## WHAT YOU HAVE TO DO:
For the entries that follow, restate word for word the line containing "blk.add_mtext('\\A1;∅160,00'", the line containing "ratio=1, start_angle=0, end_angle=44.82226)", and every line that lies between them.

## EXERCISE DATA:
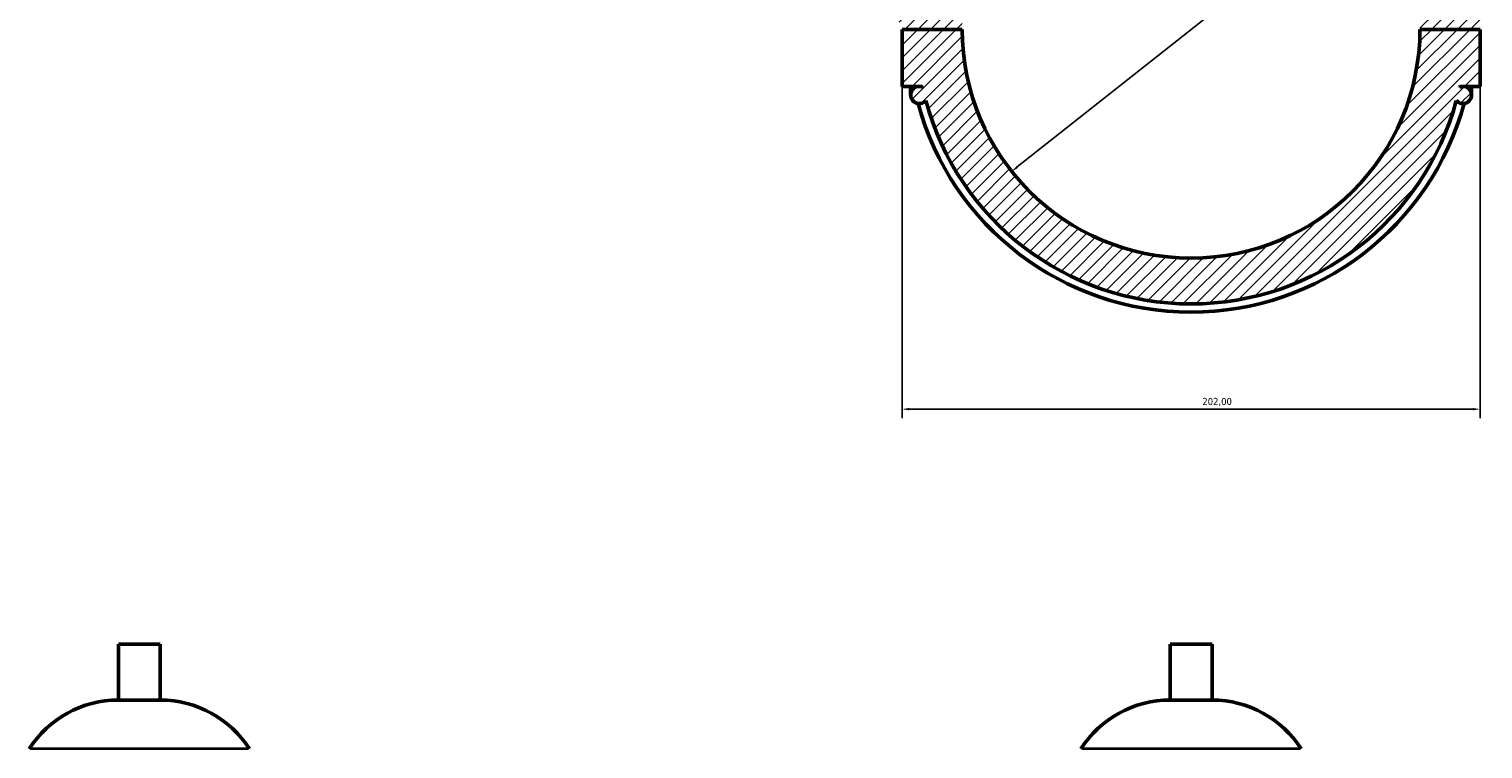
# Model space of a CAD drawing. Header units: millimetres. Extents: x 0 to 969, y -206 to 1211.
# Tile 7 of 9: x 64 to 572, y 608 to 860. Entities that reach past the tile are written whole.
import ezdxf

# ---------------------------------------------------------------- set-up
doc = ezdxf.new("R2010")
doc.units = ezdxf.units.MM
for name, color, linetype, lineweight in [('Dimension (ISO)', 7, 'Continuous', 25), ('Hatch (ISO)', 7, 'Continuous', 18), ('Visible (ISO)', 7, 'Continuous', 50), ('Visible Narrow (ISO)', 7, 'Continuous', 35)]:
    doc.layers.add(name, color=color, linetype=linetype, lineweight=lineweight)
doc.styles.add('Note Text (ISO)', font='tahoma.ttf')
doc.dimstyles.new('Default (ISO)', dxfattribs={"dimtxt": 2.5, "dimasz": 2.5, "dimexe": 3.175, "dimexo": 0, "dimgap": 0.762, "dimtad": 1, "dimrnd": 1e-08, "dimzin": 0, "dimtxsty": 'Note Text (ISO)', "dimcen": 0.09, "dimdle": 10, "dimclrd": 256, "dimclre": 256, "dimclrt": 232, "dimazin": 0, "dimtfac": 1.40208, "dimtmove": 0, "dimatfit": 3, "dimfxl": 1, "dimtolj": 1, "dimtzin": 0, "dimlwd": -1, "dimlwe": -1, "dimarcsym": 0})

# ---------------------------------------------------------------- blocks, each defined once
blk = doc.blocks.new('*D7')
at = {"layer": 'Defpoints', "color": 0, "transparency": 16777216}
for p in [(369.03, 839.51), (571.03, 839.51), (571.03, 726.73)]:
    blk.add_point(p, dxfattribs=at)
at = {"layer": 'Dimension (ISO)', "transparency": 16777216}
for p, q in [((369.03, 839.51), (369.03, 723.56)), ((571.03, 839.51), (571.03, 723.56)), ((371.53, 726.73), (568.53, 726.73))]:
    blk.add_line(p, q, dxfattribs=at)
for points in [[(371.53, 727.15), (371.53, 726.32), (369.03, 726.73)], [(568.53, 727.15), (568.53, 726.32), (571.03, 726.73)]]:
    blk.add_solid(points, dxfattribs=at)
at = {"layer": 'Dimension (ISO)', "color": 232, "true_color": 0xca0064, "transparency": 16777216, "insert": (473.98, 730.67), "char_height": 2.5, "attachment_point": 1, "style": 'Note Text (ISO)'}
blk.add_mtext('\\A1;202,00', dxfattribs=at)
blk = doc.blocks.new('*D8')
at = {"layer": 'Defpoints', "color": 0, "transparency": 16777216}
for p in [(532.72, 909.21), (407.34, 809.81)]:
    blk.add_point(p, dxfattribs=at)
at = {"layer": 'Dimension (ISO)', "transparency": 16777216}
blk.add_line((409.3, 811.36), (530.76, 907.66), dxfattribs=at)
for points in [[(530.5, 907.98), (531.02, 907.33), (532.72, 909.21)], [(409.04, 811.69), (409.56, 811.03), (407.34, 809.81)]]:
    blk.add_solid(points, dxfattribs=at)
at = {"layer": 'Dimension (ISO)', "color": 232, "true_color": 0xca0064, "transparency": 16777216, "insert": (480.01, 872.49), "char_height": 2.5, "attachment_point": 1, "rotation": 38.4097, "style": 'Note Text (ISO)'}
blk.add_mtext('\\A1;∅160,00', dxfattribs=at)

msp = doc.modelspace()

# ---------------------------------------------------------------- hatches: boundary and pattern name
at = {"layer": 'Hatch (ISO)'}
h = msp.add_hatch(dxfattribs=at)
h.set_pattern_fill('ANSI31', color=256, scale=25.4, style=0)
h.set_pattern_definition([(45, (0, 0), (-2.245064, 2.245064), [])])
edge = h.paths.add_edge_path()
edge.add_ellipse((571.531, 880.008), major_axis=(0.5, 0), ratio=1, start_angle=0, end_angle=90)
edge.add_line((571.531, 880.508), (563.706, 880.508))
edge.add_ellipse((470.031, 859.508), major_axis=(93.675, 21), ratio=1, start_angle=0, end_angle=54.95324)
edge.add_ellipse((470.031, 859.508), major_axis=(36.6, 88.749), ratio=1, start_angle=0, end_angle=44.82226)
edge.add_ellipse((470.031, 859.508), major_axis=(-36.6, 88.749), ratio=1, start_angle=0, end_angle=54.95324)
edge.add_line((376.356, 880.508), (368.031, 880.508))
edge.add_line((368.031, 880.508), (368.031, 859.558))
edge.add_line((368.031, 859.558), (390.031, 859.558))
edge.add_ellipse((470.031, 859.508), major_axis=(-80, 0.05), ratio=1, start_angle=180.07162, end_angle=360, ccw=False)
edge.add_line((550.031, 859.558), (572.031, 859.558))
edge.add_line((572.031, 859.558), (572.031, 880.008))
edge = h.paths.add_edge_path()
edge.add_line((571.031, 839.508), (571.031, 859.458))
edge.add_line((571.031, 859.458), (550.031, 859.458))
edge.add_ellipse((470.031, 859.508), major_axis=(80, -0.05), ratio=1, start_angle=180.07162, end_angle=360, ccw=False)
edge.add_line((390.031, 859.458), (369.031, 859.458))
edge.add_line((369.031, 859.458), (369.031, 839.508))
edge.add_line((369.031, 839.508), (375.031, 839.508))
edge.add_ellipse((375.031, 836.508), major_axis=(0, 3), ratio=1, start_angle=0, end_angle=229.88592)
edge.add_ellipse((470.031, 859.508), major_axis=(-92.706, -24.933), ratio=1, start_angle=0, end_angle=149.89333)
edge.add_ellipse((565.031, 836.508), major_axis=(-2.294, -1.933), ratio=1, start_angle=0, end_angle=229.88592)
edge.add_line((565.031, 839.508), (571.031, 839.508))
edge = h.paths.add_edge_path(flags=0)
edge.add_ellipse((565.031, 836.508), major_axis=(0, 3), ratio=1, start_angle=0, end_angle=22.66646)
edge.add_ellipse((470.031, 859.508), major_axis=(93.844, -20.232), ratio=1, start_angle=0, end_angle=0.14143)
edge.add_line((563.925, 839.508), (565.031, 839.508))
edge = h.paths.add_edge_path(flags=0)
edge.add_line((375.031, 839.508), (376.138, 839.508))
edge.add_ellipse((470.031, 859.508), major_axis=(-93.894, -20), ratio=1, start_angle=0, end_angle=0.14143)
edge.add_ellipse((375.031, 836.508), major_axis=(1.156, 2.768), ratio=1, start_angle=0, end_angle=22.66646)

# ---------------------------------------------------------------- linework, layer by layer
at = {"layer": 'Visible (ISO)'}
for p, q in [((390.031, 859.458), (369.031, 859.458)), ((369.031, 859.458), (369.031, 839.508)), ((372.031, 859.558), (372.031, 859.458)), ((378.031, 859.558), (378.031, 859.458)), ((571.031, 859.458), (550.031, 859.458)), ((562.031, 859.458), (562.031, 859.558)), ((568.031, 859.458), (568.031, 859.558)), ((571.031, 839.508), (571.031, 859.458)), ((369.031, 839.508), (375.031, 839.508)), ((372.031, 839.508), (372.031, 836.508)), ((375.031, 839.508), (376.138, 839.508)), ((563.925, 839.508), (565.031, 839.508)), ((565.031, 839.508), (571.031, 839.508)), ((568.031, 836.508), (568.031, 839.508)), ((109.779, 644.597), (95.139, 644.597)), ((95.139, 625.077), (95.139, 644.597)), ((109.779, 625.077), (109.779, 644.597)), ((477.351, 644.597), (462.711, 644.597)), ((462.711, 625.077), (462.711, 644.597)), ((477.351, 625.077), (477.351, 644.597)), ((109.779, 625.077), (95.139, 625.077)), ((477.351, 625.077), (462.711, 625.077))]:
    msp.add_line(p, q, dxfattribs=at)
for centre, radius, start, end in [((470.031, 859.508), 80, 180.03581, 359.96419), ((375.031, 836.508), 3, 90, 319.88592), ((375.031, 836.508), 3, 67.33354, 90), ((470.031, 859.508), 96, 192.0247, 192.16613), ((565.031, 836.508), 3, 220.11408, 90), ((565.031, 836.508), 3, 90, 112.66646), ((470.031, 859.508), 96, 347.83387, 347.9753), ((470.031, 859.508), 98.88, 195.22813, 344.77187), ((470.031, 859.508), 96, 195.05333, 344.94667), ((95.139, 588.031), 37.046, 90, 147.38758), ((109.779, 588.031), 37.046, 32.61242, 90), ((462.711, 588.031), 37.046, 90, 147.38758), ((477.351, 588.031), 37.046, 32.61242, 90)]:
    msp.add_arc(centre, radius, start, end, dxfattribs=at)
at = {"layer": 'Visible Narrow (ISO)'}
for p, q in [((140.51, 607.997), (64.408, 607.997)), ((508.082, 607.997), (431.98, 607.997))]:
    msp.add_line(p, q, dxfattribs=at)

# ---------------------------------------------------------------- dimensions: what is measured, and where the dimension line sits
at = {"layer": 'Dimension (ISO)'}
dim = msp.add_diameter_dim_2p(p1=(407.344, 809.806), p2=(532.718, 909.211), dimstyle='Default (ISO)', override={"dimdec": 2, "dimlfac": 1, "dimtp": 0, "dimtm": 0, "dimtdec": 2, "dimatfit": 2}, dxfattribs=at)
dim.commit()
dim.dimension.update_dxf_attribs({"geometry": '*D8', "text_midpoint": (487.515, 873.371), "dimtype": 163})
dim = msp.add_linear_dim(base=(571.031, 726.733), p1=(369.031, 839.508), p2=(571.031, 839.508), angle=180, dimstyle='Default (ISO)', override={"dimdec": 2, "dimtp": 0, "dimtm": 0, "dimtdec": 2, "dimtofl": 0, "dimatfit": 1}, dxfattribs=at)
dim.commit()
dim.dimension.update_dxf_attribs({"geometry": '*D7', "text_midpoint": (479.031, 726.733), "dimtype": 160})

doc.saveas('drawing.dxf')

## SOLUTION:
blk.add_mtext('\\A1;∅160,00', dxfattribs=at)

msp = doc.modelspace()

# ---------------------------------------------------------------- hatches: boundary and pattern name
at = {"layer": 'Hatch (ISO)'}
h = msp.add_hatch(dxfattribs=at)
h.set_pattern_fill('ANSI31', color=256, scale=25.4, style=0)
h.set_pattern_definition([(45, (0, 0), (-2.245064, 2.245064), [])])
edge = h.paths.add_edge_path()
edge.add_ellipse((571.531, 880.008), major_axis=(0.5, 0), ratio=1, start_angle=0, end_angle=90)
edge.add_line((571.531, 880.508), (563.706, 880.508))
edge.add_ellipse((470.031, 859.508), major_axis=(93.675, 21), ratio=1, start_angle=0, end_angle=54.95324)
edge.add_ellipse((470.031, 859.508), major_axis=(36.6, 88.749), ratio=1, start_angle=0, end_angle=44.82226)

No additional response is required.